Les « parens qui le négligent, » c’est d’abord Ernest-Auguste, à qui la neutralité avait réussi et qui vivait tranquille et heureux dans son évêché, plus occupé du passage des canards sauvages que de celui des soldats français : « Ernest-Auguste se divertit à la chasse, annonçait sa femme, et moi, je travaille à des meubles… Jusqu’à cette heure, tout ce qui appartient à Ernest-Auguste a été fort respecté[2]. »
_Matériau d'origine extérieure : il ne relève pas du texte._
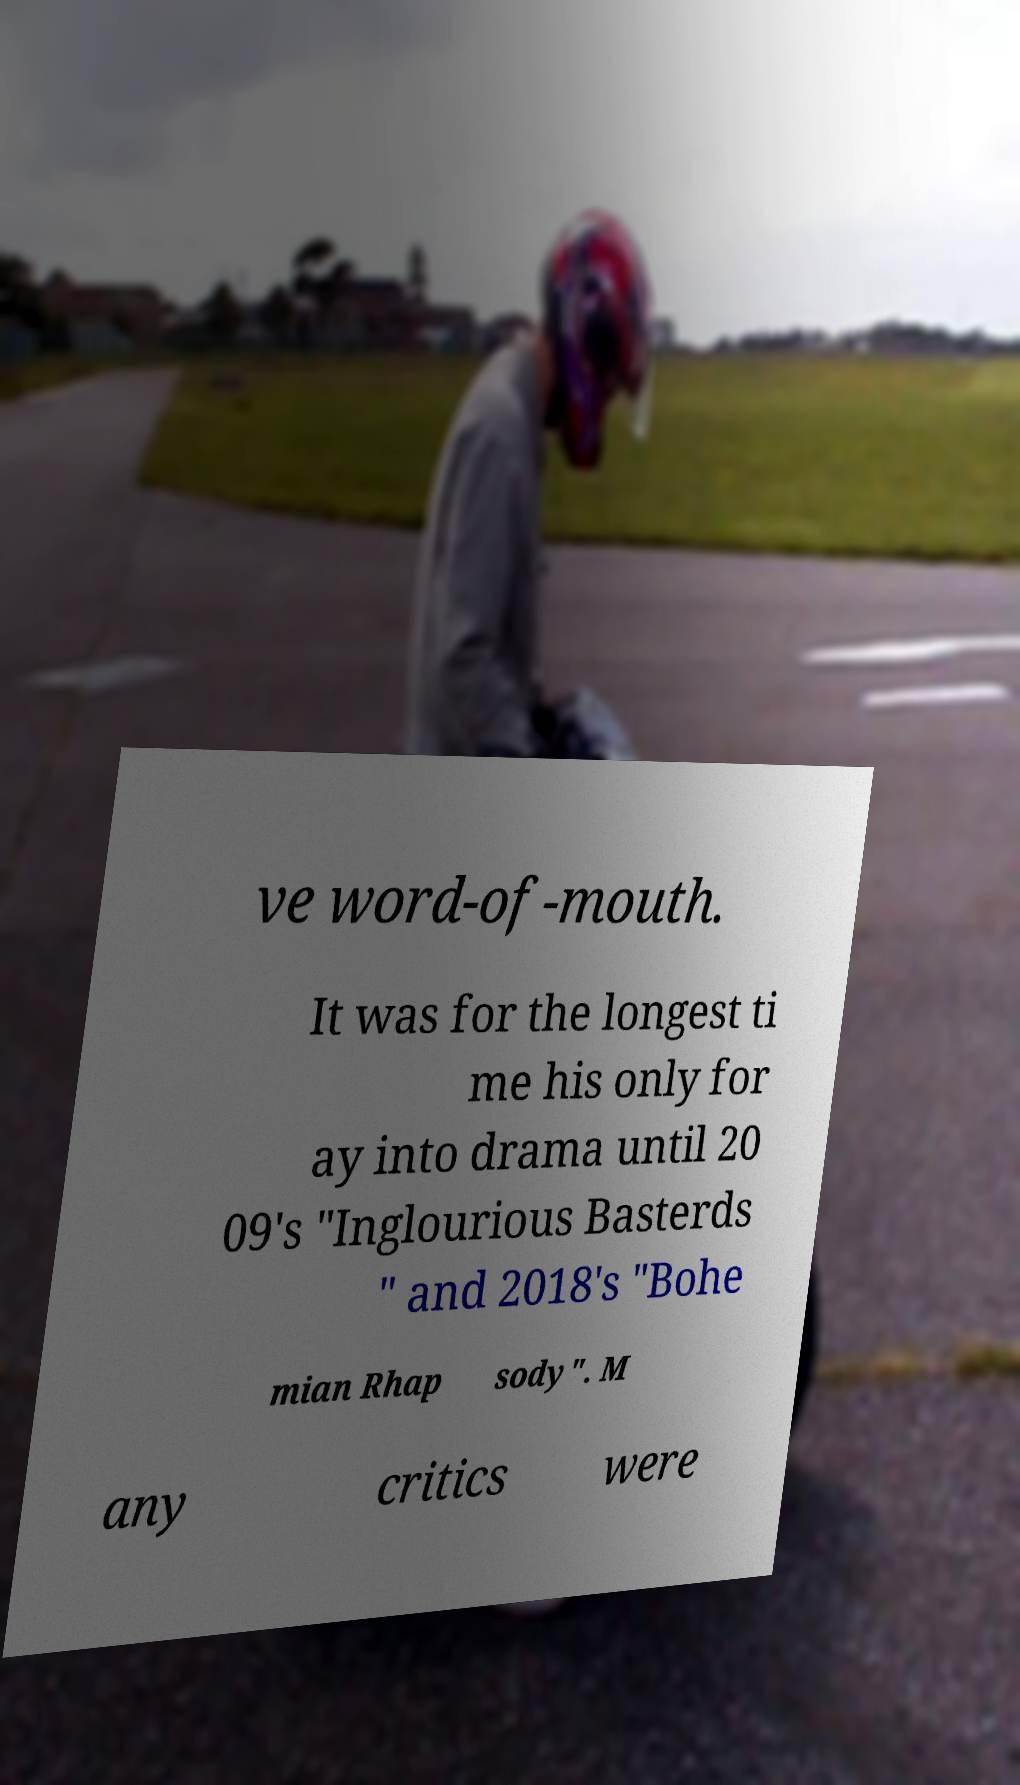Please identify and transcribe the text found in this image. ve word-of-mouth. It was for the longest ti me his only for ay into drama until 20 09's "Inglourious Basterds " and 2018's "Bohe mian Rhap sody". M any critics were

C’est aussi, c’est surtout Liselotte, dont la conduite décevait et irritait l’Electeur. Qu’avait-elle fait pour lui depuis son mariage ? Rien. Elle était continuellement avec le Roi, et pas une fois elle n’avait glissé un mot utile, provoqué un conseil salutaire. Il semblait que ce fût un parti pris. La duchesse Sophie s’étonnait aussi de la trouver si peu secourable. Mieux renseignés sur Louis XIV, le frère et la sœur auraient compris la réserve de Madame. Le Roi n’entendait pas que les femmes se mêlassent d’affaires. Il avait gardé un trop mauvais souvenir de leur entrée tapageuse dans la politique au temps de sa jeunesse, alors que le bataillon des Frondeuses poussait à la guerre civile pour le plaisir, pour avoir des aventures. Louis XIV était capable de faire des exceptions ; il en avait fait une pour sa première belle-sœur, et Mme de Maintenon en sera une autre ; mais il n’avait pas de raison d’en faire pour la seconde Madame, qui ne comprenait goutte à aucune espèce d’affaire, et ne s’en cachait pas. Liselotte aurait été très mal venue à se montrer curieuse

  1. Le traité est du 18 mai 1674.
  2. A Charles-Louis, lettres du 7 novembre 1674 et du 19 juin 1675.